I am not a fan of mock functions. The mock function has several disadvantages. First, mock is a manual simulation of some results. Only when our imagination and our ability to predict the various failure modes that our application may encounter. Mocks are also likely to be different from the real services they support, unless everyone has rigorously tested the real services (note: know the details). Mock is best when there is only one instance of each specific simulation and each test uses the same simulation.
In other words, mock is still the only way to test some forms of network I / O alone. We live in an era of microservices and outsource most (if not all) of our main product concerns to suppliers. Now the core functions of many applications require one call or multiple calls, and the best way to unit test these calls is to simulate them.
Overall, I found that limiting the scope of mocking is the best. Calling the API of the email service to send a welcome email to our newly created user (of course) requires an HTTP connection. Isolate this request into as few functions as possible and allow us to mock in the test to minimize the amount of code. Generally, this should be a function no longer than 1-2 lines, used to establish an HTTP connection and return any errors and responses. The same is true when sending events to Kafka or newly created users in the database.
Attribute-based testing
For those things that can provide such huge benefits through such small code, attribute-based testing is not fully utilized. (This kind of test) was invented by Haskell Library ’s QuickCheck and adopted in other languages such as Scala (ScalaCheck) and Python (hypothesis). Attribute-based testing allows people to generate a large amount of input that conforms to a given test specification and assert The test pass condition for each situation.
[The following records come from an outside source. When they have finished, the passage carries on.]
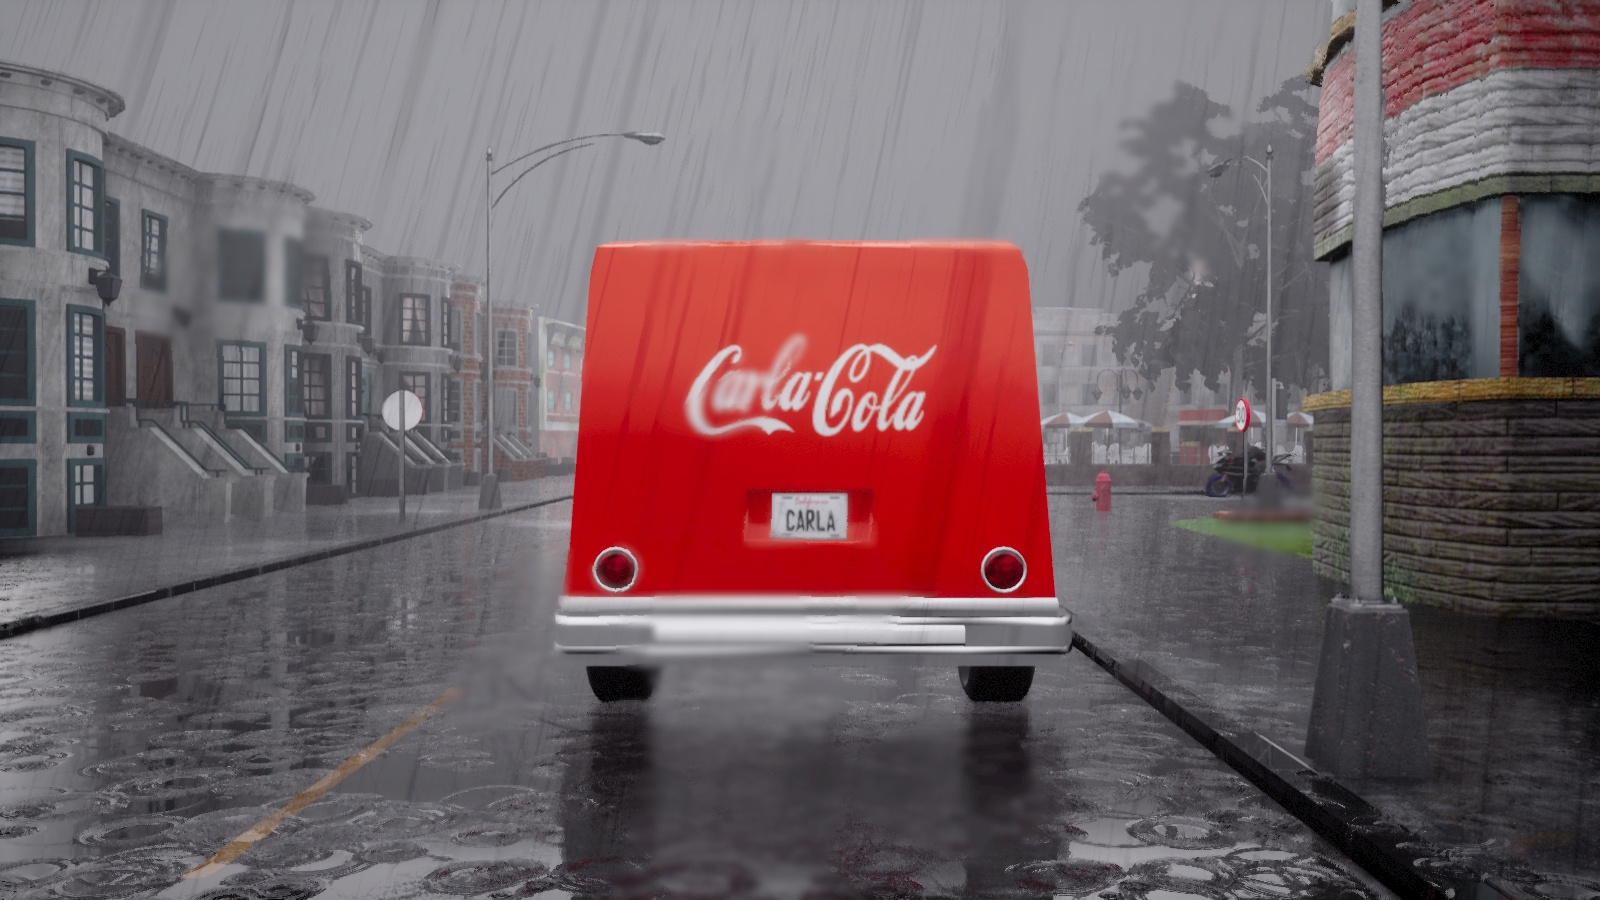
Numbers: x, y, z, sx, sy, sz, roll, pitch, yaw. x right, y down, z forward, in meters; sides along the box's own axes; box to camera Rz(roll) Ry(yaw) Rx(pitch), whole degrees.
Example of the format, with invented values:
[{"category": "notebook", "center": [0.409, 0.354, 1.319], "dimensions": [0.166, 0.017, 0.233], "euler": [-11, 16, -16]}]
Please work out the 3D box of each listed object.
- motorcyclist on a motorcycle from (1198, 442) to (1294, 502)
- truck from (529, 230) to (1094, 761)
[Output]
[{"category": "motorcyclist on a motorcycle", "center": [11.534, 0.563, 32.516], "dimensions": [2.191, 1.530, 0.866], "euler": [0, 0, 0]}, {"category": "truck", "center": [0.065, 0.198, 8.446], "dimensions": [2.627, 2.467, 5.204], "euler": [0, 0, 0]}]

Many attribute-based testing frameworks are function-oriented, so it makes sense to isolate anything that may be subject to attribute-based testing to a single function. I find this to be particularly useful when testing the encoding or decoding of data, and when testing JSON or msgpack parsing.
in conclusion
The intention of this article is neither to say DRY nor to say that the small function itself is bad (although the title of this article gives such a hint). It's just that they are essentially not good or bad.
The number of small functions in the code base or the average function length is not a boastable indicator in itself. There was a topic called onelineizer in the 2016 PyCon talk about a Python program of the same name that can convert any Python program (including itself) into a single line of code. Although this makes meeting discussions interesting and tempting, it would be very stupid to write (similar) product code on the same issue.
The above recommendations are generally applicable, not just for Go. As the complexity of the programs we write increases greatly, and the restrictions we oppose become more variable, programmers should adjust their thinking accordingly.
Unfortunately, orthodox programming ideas are still seriously affected by the supremacy of object-oriented programming and design patterns. So far, many ideas and best practices that have been widely disseminated are largely to a large extent, and have not been challenged for decades. At present, there is an urgent need to rethink, especially, the programming pattern and paradigms have occurred in recent years The change.
Not changing the old style not only encourages laziness, but also causes programmers to fall into a false comfort that they cannot bear.
The content source of this page is from Internet, which doesn't represent Alibaba Cloud's opinion;
products and services mentioned on that page don't have any relationship with Alibaba Cloud. If the
content of the page makes you feel confusing, please write us an email, we will handle the problem
within 5 days after receiving your email.
If you find any instances of plagiarism from the community, please send an email to:
info-contact@alibabacloud.com
and provide relevant evidence. A staff member will contact you within 5 working days.